Ikhwan [Brotherhood] Cinema isn't sponsored by the Muslim Brotherhood, Egypt's biggest Islamic movement and a contender for power in upcoming elections. But it was set up and is run by people belonging to its youth wing and it has gotten an official endorsement from the organization.
Its short films grapple with issues as diverse as corruption, sectarian strife, illicit gains and -- using classic anti-Semitic imagery -- Israeli cruelty towards Arabs. In the film "Soccer Match," for instance, two stereotypical Jews with ear locks gloat as they witness intra-Arab animosity on the soccer field, with the Israeli national anthem playing in the background.
Ali Khafagy, director of youth affairs in the Giza branch of the Freedom and Justice Party, the Muslim Brotherhood's new political party, said he loved Egyptian film but could not set foot in an Egyptian cinema.
"I don't go there because many films have love scenes, which our censorship doesn't remove," Khafagy told The Media Line. "I want to see films I can benefit from."
Khafagy said the Egyptian film industry alienated and provoked many traditional Egyptians like himself, but the new youth initiative gave Egyptian film producers an alternative model for "clean and meaningful film."
Khafagy said the lawsuits have been filed against provocative films in Egypt, but even when winning, court rulings were often not implemented in the era when Husni Mubarak ruled Egypt. This would soon change, he asserted, as government becomes more responsive to judiciary decisions.
A new biographical film about the life of Hassan Al-Bana, founder of the Muslim Brotherhood, is an example of the kind of film Khafagy would like to see more of. Filming is to begin shortly, with Syrian actor Rashid Assaf playing the role of Al-Bana. The film is widely viewed as the Brotherhood's answer to a television series aired last year that critically dealt with Brotherhood history.
Joseph Fahim, a Christian film critic for the English-language Daily News Egypt, said film has been used by dictators as a powerful propaganda tool for decades.
"It's a very smart approach," Fahim told The Media Line. "[The Brotherhood] wants to align itself with these positive ideals in a time when their message is falling on deaf ears."

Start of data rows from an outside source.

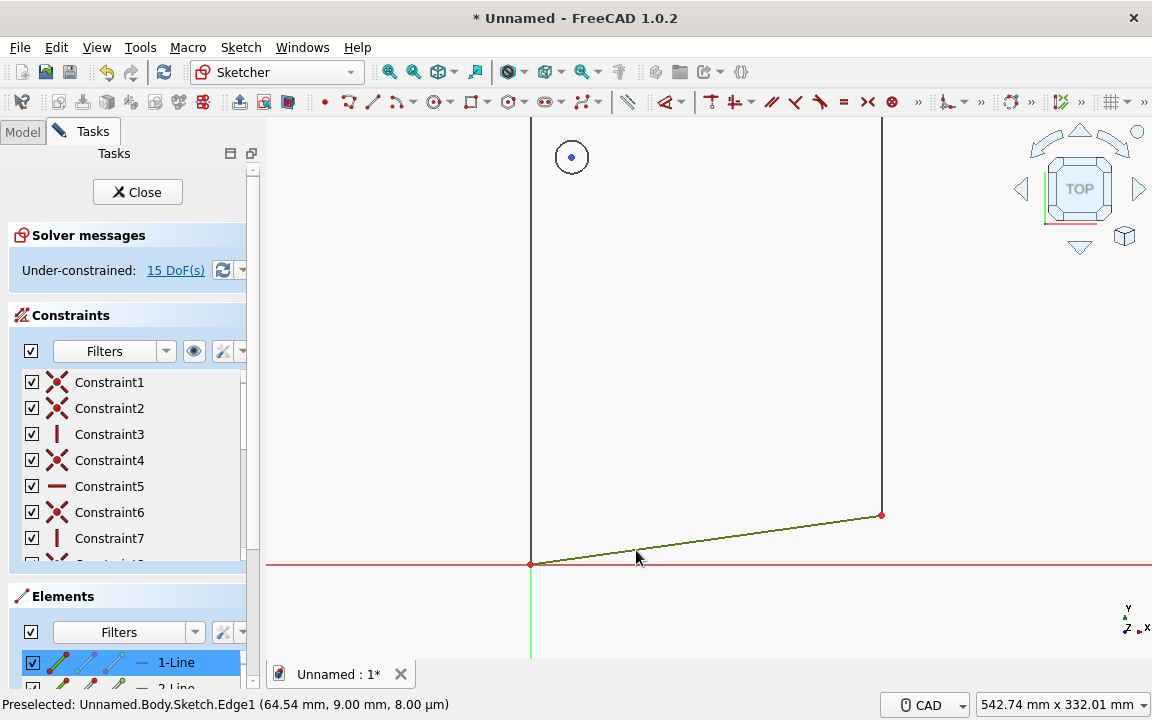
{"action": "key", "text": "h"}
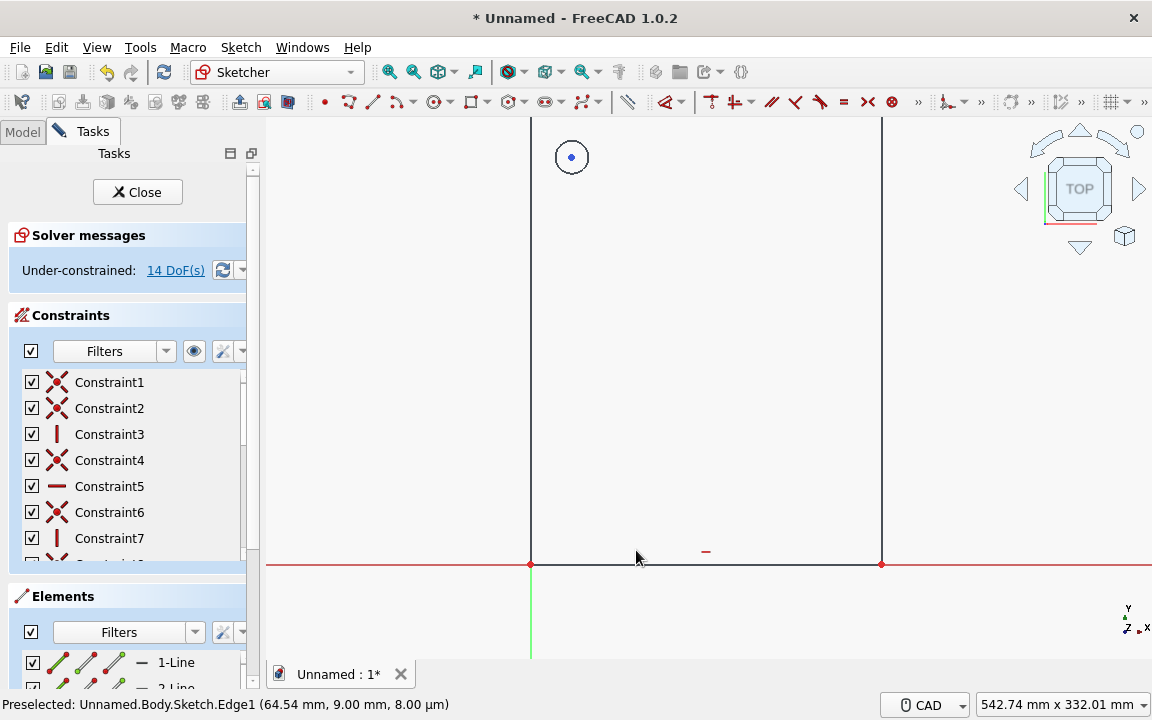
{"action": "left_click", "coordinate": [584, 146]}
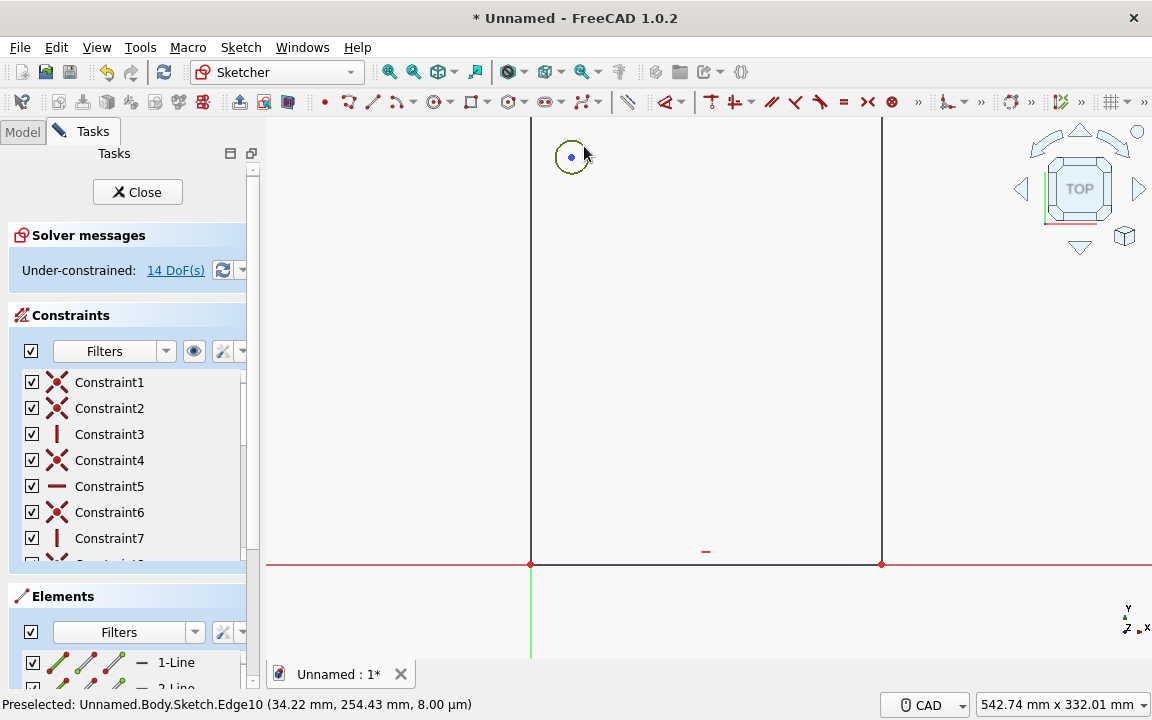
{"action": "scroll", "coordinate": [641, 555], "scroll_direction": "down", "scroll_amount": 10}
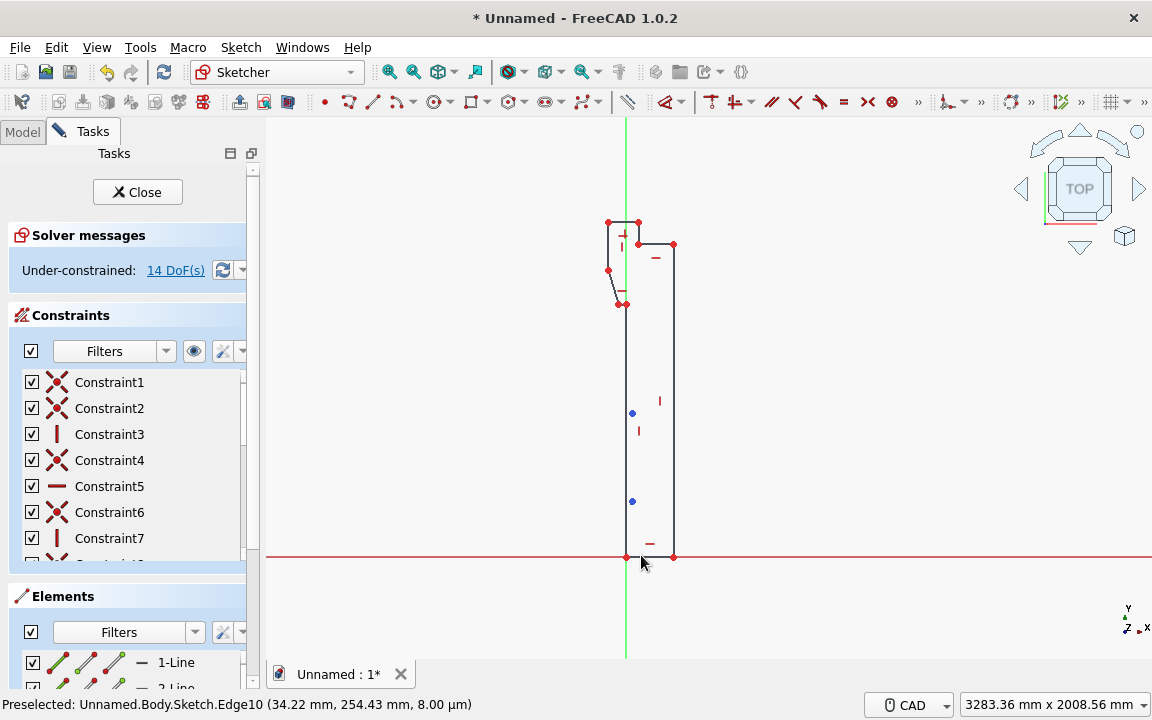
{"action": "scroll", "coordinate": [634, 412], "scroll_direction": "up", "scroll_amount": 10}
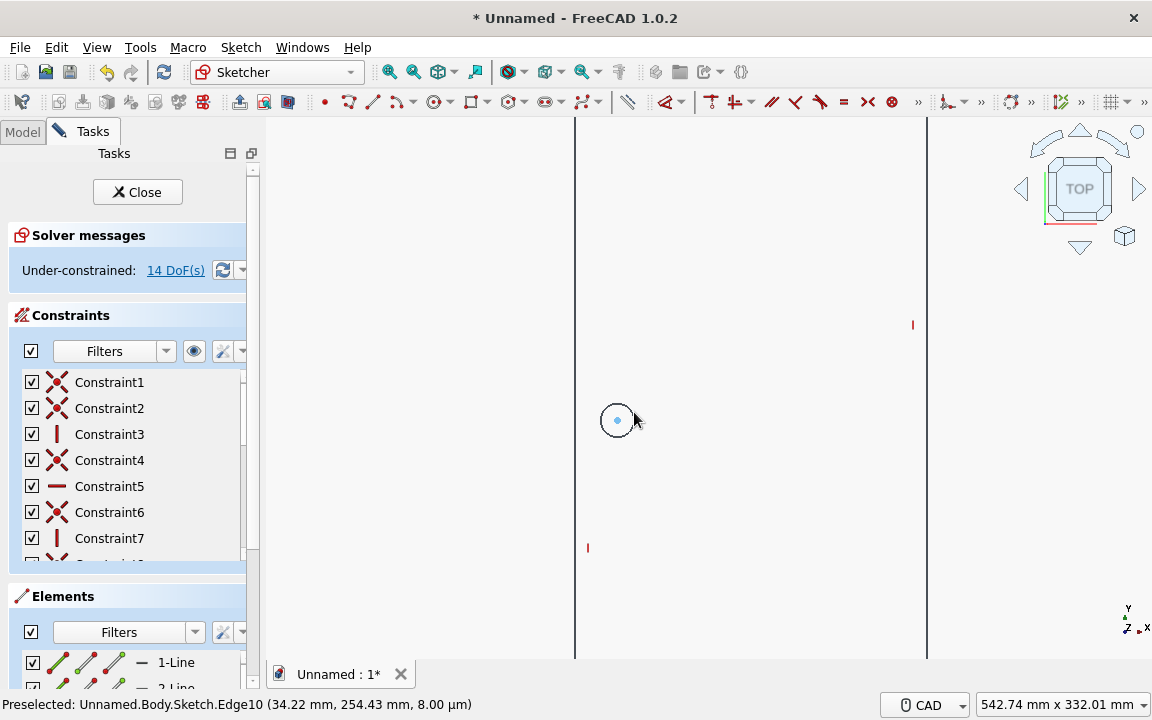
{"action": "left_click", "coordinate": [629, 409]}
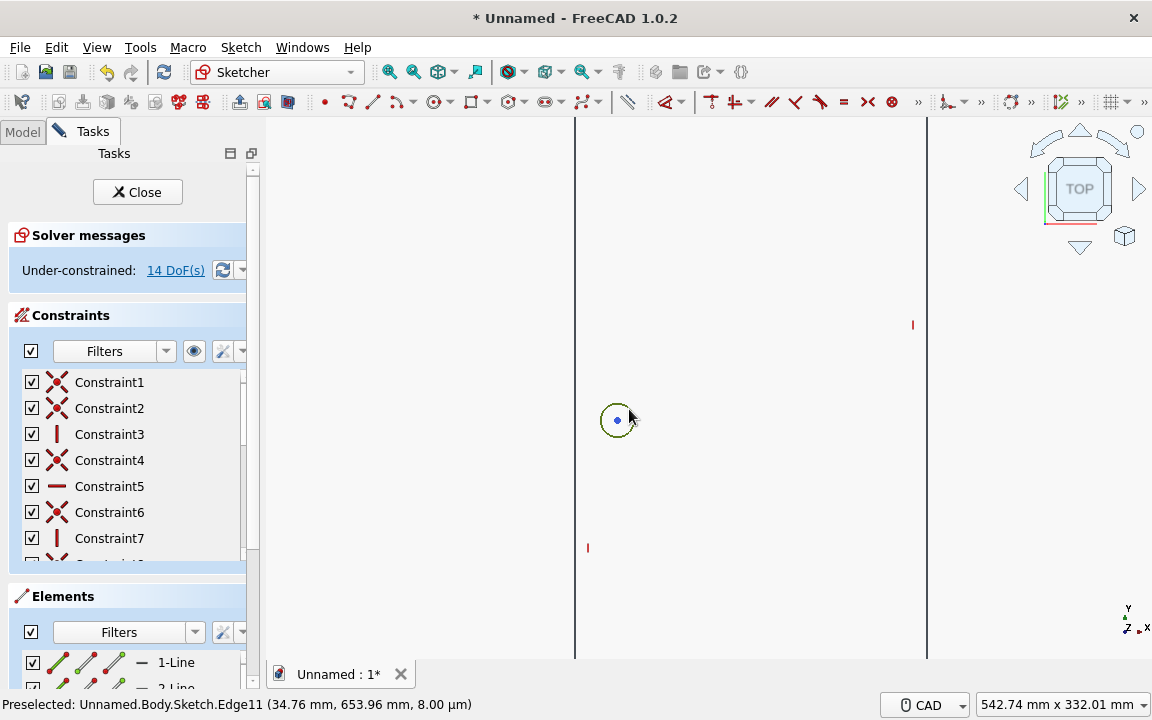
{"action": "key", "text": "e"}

But Fahim doubted whether the Brotherhood initiative would capture large audiences, since few Egyptians went online to watch movies.
"I would be surprised if anyone watching this would automatically turn into a Brotherhood supporter," he said.
The Brotherhood, vying for public support as parliamentary elections scheduled for September loom nearer, depicts a particularly gloomy image of contemporary Egypt. But a recent survey published by the Cabinet Information and Decision-Making Support Centre, a government think tank, revealed that some 56 percent of Egyptians were "satisfied" with Egypt's current state of affairs. Only 9 percent said they were unsatisfied.
Hani Henry, a psychology professor at the American University in Cairo, said the Brotherhood has been capitalizing on Egyptians' religious tendencies for years. He added that following the Egyptian revolution, more and more traditional elements of Egyptian society have joined Facebook, an audience which the Brotherhood is trying to tap in to.
"The Brotherhood wants to address the newcomers," he told The Media Line.
Henry pointed to the fact that none of the new Brotherhood films depicted women.
"They never show women, even though women played a major role in rescuing them from oppression," Henry said. "They try to display a message of modernity and secularism, but they're truly not, and they're always exposed."
Meanwhile, U.S. Secretary of State Hillary Clinton confirmed on Thursday that the American administration would resume "limited" contact with the Muslim Brotherhood, Reuters reported on Thursday. Washington has so far dealt only with Brotherhood parliamentarians who ran as independents, but would now directly engage low-level officials, an unnamed diplomatic source told the agency.
Clinton said that in their contacts with the Brotherhood, U.S. officials would emphasize the importance of non-violence, democratic freedoms, and the rights of women and minorities.